Também visitamos as cidades históricas e as montanhas mineiras. Cada codilôco.

[...]


- Voooooooooooó-óóóóó, tá quainahora. A senhora vai perdê seuvinhão de vorta pro Deserto.

Gritou minha neta, me apressando para irmos pro aeroporto.

- Eu tenho um negocin pra dá de lembrancinha pra senhora. Ispia só qui belezura, vó!

- Oh, que lindeza! É um bonequinho!

- Não, vó! É um Santantonho.

- É um o quê?

- Um Santantonho, um santo casamentêro.

- E isso serve pra quê, menina? Eu sou muçulmana. Não acredito em santos.

- Óprôcevê, vó. Isso é um santo católico, que serve pra mode desencalhar as moçoilas encalhadas, vó.

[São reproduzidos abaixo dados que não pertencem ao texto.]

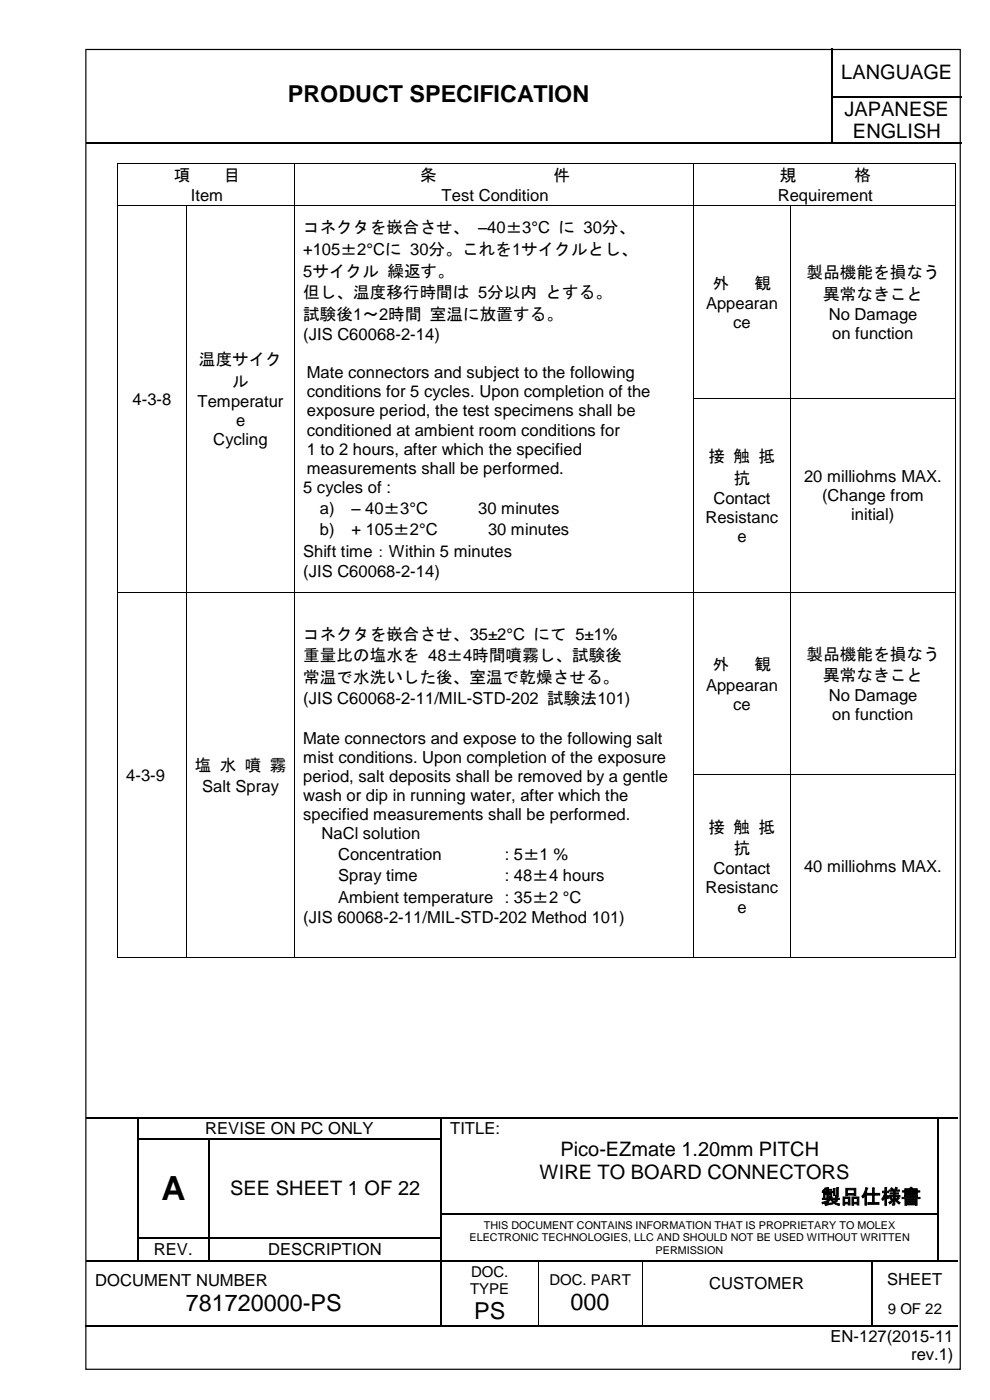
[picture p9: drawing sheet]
<svg xmlns="http://www.w3.org/2000/svg" width="210mm" height="297mm" viewBox="0 0 210 297" stroke-linecap="round" stroke-linejoin="round" font-family="sans-serif">
<defs><g id="words">
<text font-size="7.1" x="34.3" y="254.6">A</text>
<g font-size="5">
<text x="61.1" y="21.6">PRODUCT SPECIFICATION</text>
<text x="39.4" y="278.1">781720000-PS</text>
<text x="100.5" y="279.7">PS</text>
<text x="121" y="277.9">000</text>
</g>
<g font-size="4.2">
<text x="178.3" y="16.7">LANGUAGE</text>
<text x="179.1" y="24.5">JAPANESE</text>
<text x="180.8" y="29.4">ENGLISH</text>
<text x="118.8" y="245.3">Pico-EZmate 1.20mm PITCH</text>
<text x="114.4" y="250.1">WIRE TO BOARD CONNECTORS</text>
<text x="48.8" y="253.6">SEE SHEET 1 OF 22</text>
<text x="174" y="255.3">製品仕様書</text>
</g>
<g font-size="3.5">
<text x="36.9" y="38.4">項</text>
<text x="47.5" y="38.4">目</text>
<text x="89.1" y="38.4">条</text>
<text x="117.3" y="38.4">件</text>
<text x="165.3" y="38.4">規</text>
<text x="181.2" y="38.4">格</text>
<text x="40.5" y="42.6">Item</text>
<text x="93.6" y="42.6">Test Condition</text>
<text x="164.9" y="42.6">Requirement</text>
<text x="64.3" y="49.5">コネクタを嵌合させ、 –40±3°C に 30分、</text>
<text x="64.3" y="54.1">+105±2°Cに 30分。これを1サイクルとし、</text>
<text x="64.3" y="58.7">5サイクル 繰返す。</text>
<text x="171" y="59">製品機能を損なう</text>
<text x="64.3" y="63.3">但し、温度移行時間は 5分以内 とする。</text>
<text x="149.7" y="65.5">Appearan</text>
<text x="151.1" y="61.3">外</text>
<text x="160" y="61.3">観</text>
<text x="174.5" y="63.5">異常なきこと</text>
<text x="64.3" y="67.9">試験後1～2時間 室温に放置する。</text>
<text x="155.4" y="69.6">ce</text>
<text x="175.7" y="67.8">No Damage</text>
<text x="176.4" y="71.9">on function</text>
<text x="42.2" y="77.5">温度サイク</text>
<text x="64.3" y="72.1">(JIS C60068-2-14)</text>
<text x="49.2" y="82">ル</text>
<text x="65" y="80.2">Mate connectors and subject to the following</text>
<text x="28.1" y="85.8">4-3-8</text>
<text x="41.9" y="86.3">Temperatur</text>
<text x="65" y="84.3">conditions for 5 cycles. Upon completion of the</text>
<text x="65" y="88.4">exposure period, the test specimens shall be</text>
<text x="45.2" y="94.5">Cycling</text>
<text x="50" y="90.4">e</text>
<text x="65" y="92.4">conditioned at ambient room conditions for</text>
<text x="65" y="96.5">1 to 2 hours, after which the specified</text>
<text x="65" y="100.5">measurements shall be performed.</text>
<text x="150.2" y="98">接 触 抵</text>
<text x="64.3" y="104.6">5 cycles of :</text>
<text x="151.2" y="106.9">Contact</text>
<text x="155.6" y="102.6">抗</text>
<text x="170.5" y="102.3">20 milliohms MAX.</text>
<text x="174.3" y="106.4">(Change from</text>
<text x="67.8" y="108.9">a)</text>
<text x="67.8" y="113.5">b)</text>
<text x="74.5" y="113.5">+ 105±2°C</text>
<text x="74.5" y="108.9">– 40±3°C</text>
<text x="101.4" y="108.9">30 minutes</text>
<text x="103.5" y="113.5">30 minutes</text>
<text x="149.6" y="110.9">Resistanc</text>
<text x="180.5" y="110.4">initial)</text>
<text x="64.3" y="118.1">Shift time：Within 5 minutes</text>
<text x="156.3" y="115">e</text>
<text x="64.3" y="122.4">(JIS C60068-2-14)</text>
<text x="64.3" y="135.7">コネクタを嵌合させ、35±2°C にて 5±1%</text>
<text x="64.3" y="140.3">重量比の塩水を 48±4時間噴霧し、試験後</text>
<text x="151.1" y="142.2">外</text>
<text x="160" y="142.2">観</text>
<text x="171" y="139.9">製品機能を損なう</text>
<text x="64.3" y="144.8">常温で水洗いした後、室温で乾燥させる。</text>
<text x="64.3" y="149.4">(JIS C60068-2-11/MIL-STD-202 試験法101)</text>
<text x="149.7" y="146.5">Appearan</text>
<text x="174.5" y="144.5">異常なきこと</text>
<text x="175.7" y="148.8">No Damage</text>
<text x="155.4" y="150.6">ce</text>
<text x="176.4" y="152.8">on function</text>
<text x="64.3" y="157.8">Mate connectors and expose to the following salt</text>
<text x="64.3" y="161.8">mist conditions. Upon completion of the exposure</text>
<text x="26.8" y="165.6">4-3-9</text>
<text x="41.3" y="163.6">塩 水 噴 霧</text>
<text x="42.9" y="167.9">Salt Spray</text>
<text x="64.3" y="165.9">period, salt deposits shall be removed by a gentle</text>
<text x="64.3" y="170">wash or dip in running water, after which the</text>
<text x="64.3" y="174">specified measurements shall be performed.</text>
<text x="68.2" y="178">NaCl solution</text>
<text x="150.2" y="176.6">接 触 抵</text>
<text x="71.7" y="182.4">Concentration</text>
<text x="107" y="182.4">: 5±1 %</text>
<text x="151.2" y="185.5">Contact</text>
<text x="155.6" y="181.2">抗</text>
<text x="170.5" y="185">40 milliohms MAX.</text>
<text x="71.7" y="187">Spray time</text>
<text x="71.7" y="191.5">Ambient temperature : 35±2 °C</text>
<text x="107" y="187">: 48±4 hours</text>
<text x="149.6" y="189.6">Resistanc</text>
<text x="64.3" y="195.8">(JIS 60068-2-11/MIL-STD-202 Method 101)</text>
<text x="156.3" y="193.6">e</text>
<text x="43.5" y="240.7">REVISE ON PC ONLY</text>
<text x="95.4" y="240.6">TITLE:</text>
<text x="32.6" y="266.3">REV.</text>
<text x="56.9" y="266.3">DESCRIPTION</text>
<text x="20.2" y="272.7">DOCUMENT NUMBER</text>
<text x="150.4" y="273.5">CUSTOMER</text>
<text x="188.1" y="272.5">SHEET</text>
<text x="176.1" y="284.6">EN-127(2015-11</text>
<text x="193.2" y="288.6">rev.1)</text>
</g>
<g font-size="3.2">
<text x="99.7" y="274.5">TYPE</text>
<text x="99.9" y="270.8">DOC.</text>
<text x="116.5" y="272.7">DOC. PART</text>
<text x="188.2" y="278.8">9 OF 22</text>
</g>
<g font-size="2.3">
<text x="99.5" y="263.3">ELECTRONIC TECHNOLOGIES, LLC AND SHOULD NOT BE USED WITHOUT WRITTEN</text>
<text x="102.6" y="260.7">THIS DOCUMENT CONTAINS INFORMATION THAT IS PROPRIETARY TO MOLEX</text>
<text x="139" y="266">PERMISSION</text>
</g>
</g></defs>
<g fill="none" stroke="#000" stroke-width=".25">
<path d="M176.4 10.2v10.2M18.2 30.4h158M176.4 20.6v9.7M176.5 20.5h27.4M176.5 30.4h27.4M18.2 237.2h10.9M29.3 237.3v4.2M29.4 237.2h64M93.5 237.3v4.2M93.6 237.2h105.2M198.9 237.3v4.2M199 237.2h4.1"/>
<path d="M29.3 241.8v5M29.3 247.1v5M29.3 252.3v5.1M29.3 257.7v4.7M29.4 241.7h14.8M44.3 241.8v5M44.3 247.1v5M44.3 252.3v5.1M44.3 257.7v4.7M44.5 241.7h48.9M93.5 241.8v5M93.5 247.1v5"/>
<path d="M93.5 252.3v5.1M93.5 257.7v4.7M93.6 257.5h105.2M198.9 241.8v5M198.9 247.1v5M198.9 252.3v5.1M198.9 257.7v4.7M18.2 267.5h10.9M29.3 262.7v4.7M29.4 262.5h14.8M29.4 267.5h14.8M44.3 262.7v4.7"/>
<path d="M44.5 262.5h48.9M44.5 267.5h48.9M93.5 262.7v4.7M93.5 267.6v13.5M93.6 267.5h20.4M114.3 267.5h21.7M136.3 267.5h48.4M184.8 267.6v13.5M184.9 267.5h13.9M198.9 262.7v4.7M199 267.5h4.1M18 281.2h75.4"/>
<path d="M93.6 281.2h20.4M114.3 281.2h21.7M136.3 281.2h48.4M184.9 281.2h18.2"/>
</g>
<g fill="#000">
<path d="M176.2 20.4h.3v.2h-.3z" fill-rule="evenodd"/>
<path d="M176.2 30.3h.3v.3h-.3z" fill-rule="evenodd"/>
<path d="M29.1 237.1h.3v.2h-.3z" fill-rule="evenodd"/>
<path d="M93.4 237.1h.2v.2h-.2z" fill-rule="evenodd"/>
<path d="M198.8 237.1h.2v.2h-.2z" fill-rule="evenodd"/>
<path d="M29.1 241.5h.3v.3h-.3z" fill-rule="evenodd"/>
<path d="M29.1 246.8h.3v.3h-.3z" fill-rule="evenodd"/>
<path d="M29.1 252.1h.3v.2h-.3z" fill-rule="evenodd"/>
<path d="M29.1 257.4h.3v.3h-.3z" fill-rule="evenodd"/>
<path d="M44.2 241.5h.3v.3h-.3z" fill-rule="evenodd"/>
<path d="M44.2 246.8h.3v.3h-.3z" fill-rule="evenodd"/>
<path d="M44.2 252.1h.3v.2h-.3z" fill-rule="evenodd"/>
<path d="M44.2 257.4h.3v.3h-.3z" fill-rule="evenodd"/>
<path d="M93.4 241.5h.2v.3h-.2z" fill-rule="evenodd"/>
<path d="M93.4 246.8h.2v.3h-.2z" fill-rule="evenodd"/>
<path d="M93.4 252.1h.2v.2h-.2z" fill-rule="evenodd"/>
<path d="M93.4 257.4h.2v.3h-.2z" fill-rule="evenodd"/>
<path d="M198.8 241.5h.2v.3h-.2z" fill-rule="evenodd"/>
<path d="M198.8 246.8h.2v.3h-.2z" fill-rule="evenodd"/>
<path d="M198.8 252.1h.2v.2h-.2z" fill-rule="evenodd"/>
<path d="M198.8 257.4h.2v.3h-.2z" fill-rule="evenodd"/>
<path d="M29.1 262.4h.3v.3h-.3z" fill-rule="evenodd"/>
<path d="M29.1 267.4h.3v.2h-.3z" fill-rule="evenodd"/>
<path d="M44.2 262.4h.3v.3h-.3z" fill-rule="evenodd"/>
<path d="M44.2 267.4h.3v.2h-.3z" fill-rule="evenodd"/>
<path d="M93.4 262.4h.2v.3h-.2z" fill-rule="evenodd"/>
<path d="M93.4 267.4h.2v.2h-.2z" fill-rule="evenodd"/>
<path d="M114 267.4h.3v.2h-.3z" fill-rule="evenodd"/>
<path d="M136 267.4h.3v.2h-.3z" fill-rule="evenodd"/>
<path d="M184.7 267.4h.2v.2h-.2z" fill-rule="evenodd"/>
<path d="M198.8 262.4h.2v.3h-.2z" fill-rule="evenodd"/>
<path d="M198.8 267.4h.2v.2h-.2z" fill-rule="evenodd"/>
<path d="M93.4 281.1h.2v.2h-.2z" fill-rule="evenodd"/>
<path d="M114 281.1h.3v.2h-.3z" fill-rule="evenodd"/>
<path d="M136 281.1h.3v.2h-.3z" fill-rule="evenodd"/>
<path d="M184.7 281.1h.2v.2h-.2z" fill-rule="evenodd"/>
</g>
<path d="M114.1 267.6v13.5M136.1 267.6v13.5" fill="none" stroke="#000" stroke-width=".21"/>
<path d="M58.5 15.8h112.4v9.7h-112.4z" fill-rule="evenodd" fill="#fff"/>
<path d="M18.2 10.5h185.4v280h-185.4z" fill="none" stroke="#000" stroke-width=".25"/>
<g fill="#000">
<path d="M24.9 34.6h.2v.2h-.2z" fill-rule="evenodd"/>
<path d="M24.9 34.6h.2v.2h-.2z" fill-rule="evenodd"/>
<path d="M62.4 34.6h.2v.2h-.2z" fill-rule="evenodd"/>
<path d="M147 34.6h.2v.2h-.2z" fill-rule="evenodd"/>
<path d="M202.5 34.6h.1v.2h-.1z" fill-rule="evenodd"/>
<path d="M202.5 34.6h.1v.2h-.1z" fill-rule="evenodd"/>
<path d="M24.9 43.4h.2v.2h-.2z" fill-rule="evenodd"/>
<path d="M39.4 43.4h.1v.2h-.1z" fill-rule="evenodd"/>
<path d="M62.4 43.4h.2v.2h-.2z" fill-rule="evenodd"/>
<path d="M147 43.4h.2v.2h-.2z" fill-rule="evenodd"/>
<path d="M167.5 43.4h.1v.2h-.1z" fill-rule="evenodd"/>
<path d="M202.5 43.4h.1v.2h-.1z" fill-rule="evenodd"/>
<path d="M24.9 84.5h.2v.2h-.2z" fill-rule="evenodd"/>
<path d="M39.4 84.5h.1v.2h-.1z" fill-rule="evenodd"/>
<path d="M62.4 84.5h.2v.2h-.2z" fill-rule="evenodd"/>
<path d="M147 84.5h.2v.2h-.2z" fill-rule="evenodd"/>
<path d="M167.5 84.5h.1v.2h-.1z" fill-rule="evenodd"/>
<path d="M202.5 84.5h.1v.2h-.1z" fill-rule="evenodd"/>
<path d="M24.9 125.6h.2v.1h-.2z" fill-rule="evenodd"/>
<path d="M39.4 125.6h.1v.1h-.1z" fill-rule="evenodd"/>
<path d="M62.4 125.6h.2v.1h-.2z" fill-rule="evenodd"/>
<path d="M147 125.6h.2v.1h-.2z" fill-rule="evenodd"/>
<path d="M167.5 125.6h.1v.1h-.1z" fill-rule="evenodd"/>
<path d="M202.5 125.6h.1v.1h-.1z" fill-rule="evenodd"/>
<path d="M24.9 164.3h.2v.2h-.2z" fill-rule="evenodd"/>
<path d="M39.4 164.3h.1v.2h-.1z" fill-rule="evenodd"/>
<path d="M62.4 164.3h.2v.2h-.2z" fill-rule="evenodd"/>
<path d="M147 164.3h.2v.2h-.2z" fill-rule="evenodd"/>
<path d="M167.5 164.3h.1v.2h-.1z" fill-rule="evenodd"/>
<path d="M202.5 164.3h.1v.2h-.1z" fill-rule="evenodd"/>
<path d="M24.9 203.1h.2v.1h-.2z" fill-rule="evenodd"/>
<path d="M24.9 203.1h.2v.1h-.2z" fill-rule="evenodd"/>
<path d="M39.4 203.1h.1v.1h-.1z" fill-rule="evenodd"/>
<path d="M62.4 203.1h.2v.1h-.2z" fill-rule="evenodd"/>
<path d="M147 203.1h.2v.1h-.2z" fill-rule="evenodd"/>
<path d="M167.5 203.1h.1v.1h-.1z" fill-rule="evenodd"/>
<path d="M202.5 203.1h.1v.1h-.1z" fill-rule="evenodd"/>
<path d="M202.5 203.1h.1v.1h-.1z" fill-rule="evenodd"/>
</g>
<g fill="none" stroke="#000" stroke-width=".21">
<path d="M25 34.8v8.6M25.1 34.7h37.3M62.5 34.8v8.6M62.6 34.7h84.4M147.1 34.8v8.6M147.2 34.7h55.3M202.6 34.8v8.6M25 43.6v40.9M25.1 43.5h14.3M39.5 43.6v40.9M39.5 43.5h22.9M62.5 43.6v40.9"/>
<path d="M62.6 43.5h84.4M147.1 43.6v40.9M147.2 43.5h20.3M167.5 43.6v40.9M167.6 43.5h34.9M202.6 43.6v40.9M25 84.7v40.9M39.5 84.7v40.9M62.5 84.7v40.9M147.1 84.7v40.9M147.2 84.6h20.3M167.5 84.7v40.9"/>
<path d="M167.6 84.6h34.9M202.6 84.7v40.9M25 125.7v38.6M25.1 125.7h14.3M39.5 125.7v38.6M39.5 125.7h22.9M62.5 125.7v38.6M62.6 125.7h84.4M147.1 125.7v38.6M147.2 125.7h20.3M167.5 125.7v38.6M167.6 125.7h34.9"/>
<path d="M202.6 125.7v38.6M25 164.5v38.6M39.5 164.5v38.6M62.5 164.5v38.6M147.1 164.5v38.6M147.2 164.4h20.3M167.5 164.5v38.6M167.6 164.4h34.9M202.6 164.5v38.6M25.1 203.1h14.3M39.5 203.1h22.9M62.6 203.1h84.4"/>
<path d="M147.2 203.1h20.3M167.6 203.1h34.9"/>
</g>
<use href="#words"/>
</svg>

- Mas eu não sou encalhada, apesar de ser moça.

- Uai, vó. Cê é moça ainda? Cumopodi?

- Pode.

- Num podi.

- Pode.

- Vooooooó...

- Neta, melhor encerrar a discussão, vou perder meu voo. Dá cá um abraço na vovó. Promete que irá passar suas férias no Deserto com a vovó?

- Confórfô, ôvô.

- O quê?

- Confórfô, ôvô.

- Aaaaaaaahn?

- Confórfô, ôvô.

- Ah, deixa pra lá. Estou te esperando, viu?

Me despedi da minha neta, com os olhos cheios d'água, e entrei no táxi, com minhas sacolinhas do Carrefour, onde sempre levo minhas burquinhas.. Eis que o taxista me perguntou:

- Veia, proinóstáínu, sô?

- Ah, essa aí, eu conheço. Pra Confins, rapaz...pra Confins...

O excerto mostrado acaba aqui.